1. Revocation of the first instance judgment.

2. On April 10, 2018, the Defendant issued a medical treatment plan modification disposition against the Plaintiff.

Reasons

1. The reasons why the court should explain this part of the disposition are as stated in Paragraph 1 of the reasoning of the judgment of the first instance, except where the "this court" in Section 5 of the judgment of the first instance is deemed to be the "Seoul Administrative Court".

It shall be quoted in accordance with Article 8 (2) of the Administrative Litigation Act and the main sentence of Article 420 of the Civil Procedure Act.

2. Whether the instant disposition is lawful

A. The summary of the Plaintiff’s assertion 1) Although the injury and disease of this case at the time of the instant disposition could have expected to be supported by continuous treatment, the symptoms of this case cannot be deemed to have been fixed, the instant disposition based on the premise that the Plaintiff’s symptoms have been fixed is unlawful. (2) According to the result of the Defendant’s medical record appraisal entrustment conducted by the court of first instance, the Plaintiff appears to have been caused by the reduction or removal of stress in daily life rather than by active treatment; (3) the Plaintiff received disability benefits upon the determination of class 14 subparag. 10 of the disability grade No. 14 on July 5, 2018; and (4) the Plaintiff continued to receive necessary treatment at the medical institution after the completion of the medical treatment on April 30, 2018 through the Defendant’s merger certificate, etc., the instant disposition based on the premise that the Plaintiff’s symptoms have been fixed is lawful.

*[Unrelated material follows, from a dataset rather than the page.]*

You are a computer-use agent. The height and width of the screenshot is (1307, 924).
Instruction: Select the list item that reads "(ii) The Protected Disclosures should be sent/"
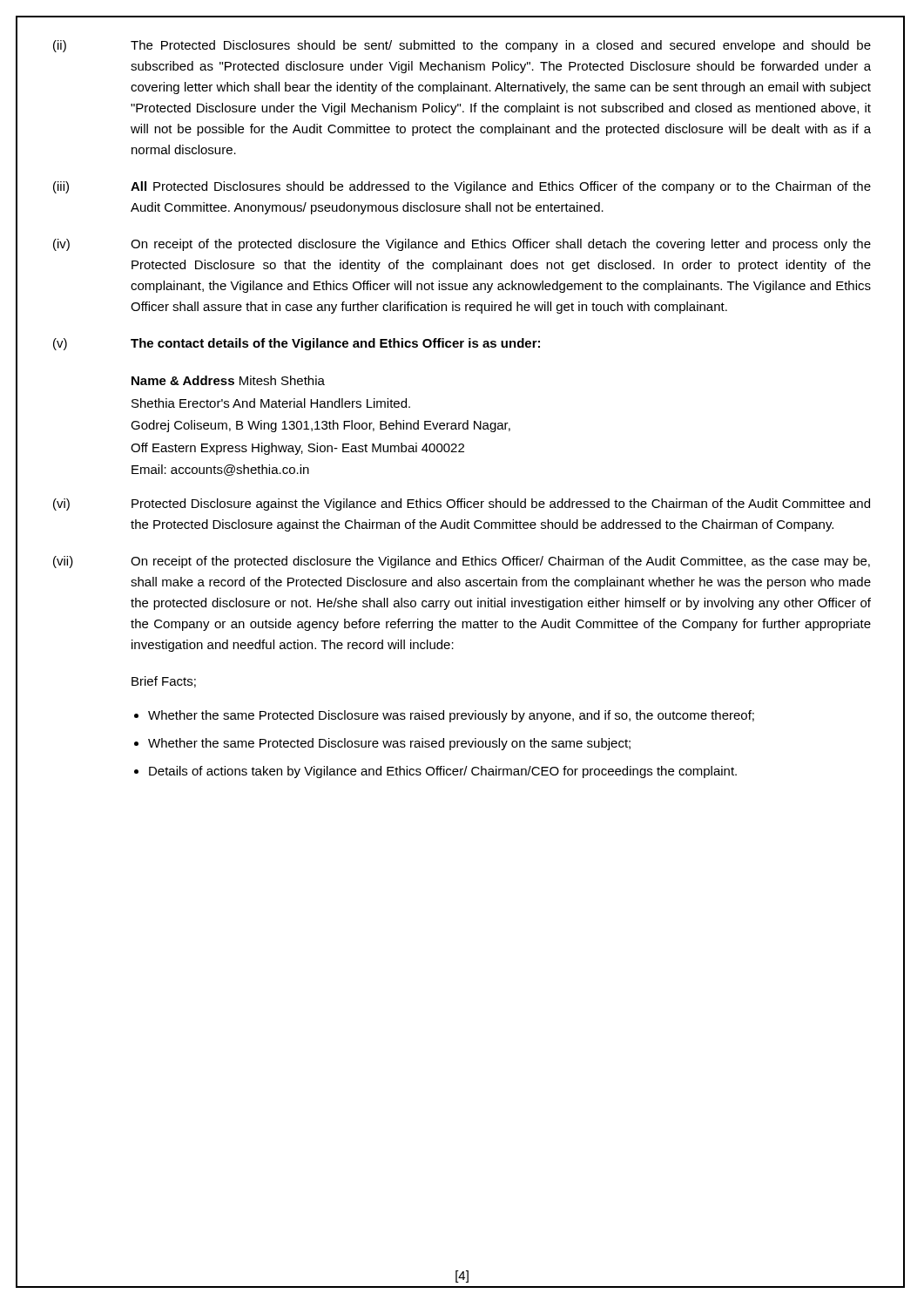click(462, 98)

B. 1) Article 5 Subparag. 4 of the Industrial Accident Compensation Insurance Act provides that “The term “the treatment of an injury or disease is completely cured or the treatment is no longer expected, and the symptoms thereof are fixed.” In full view of the contents and legislative purport of each provision of the Industrial Accident Compensation Insurance Act (Medical Care Benefits), Articles 40, 51, 57, and 77 (Additional Medical Care Benefits), and the Industrial Accident Compensation Insurance Act (hereinafter “Industrial Accident Compensation Insurance Act”), the meaning of the cure is to prevent the aggravation of a fixed symptoms rather than the treatment to defend the injury or disease of an employee receiving medical care.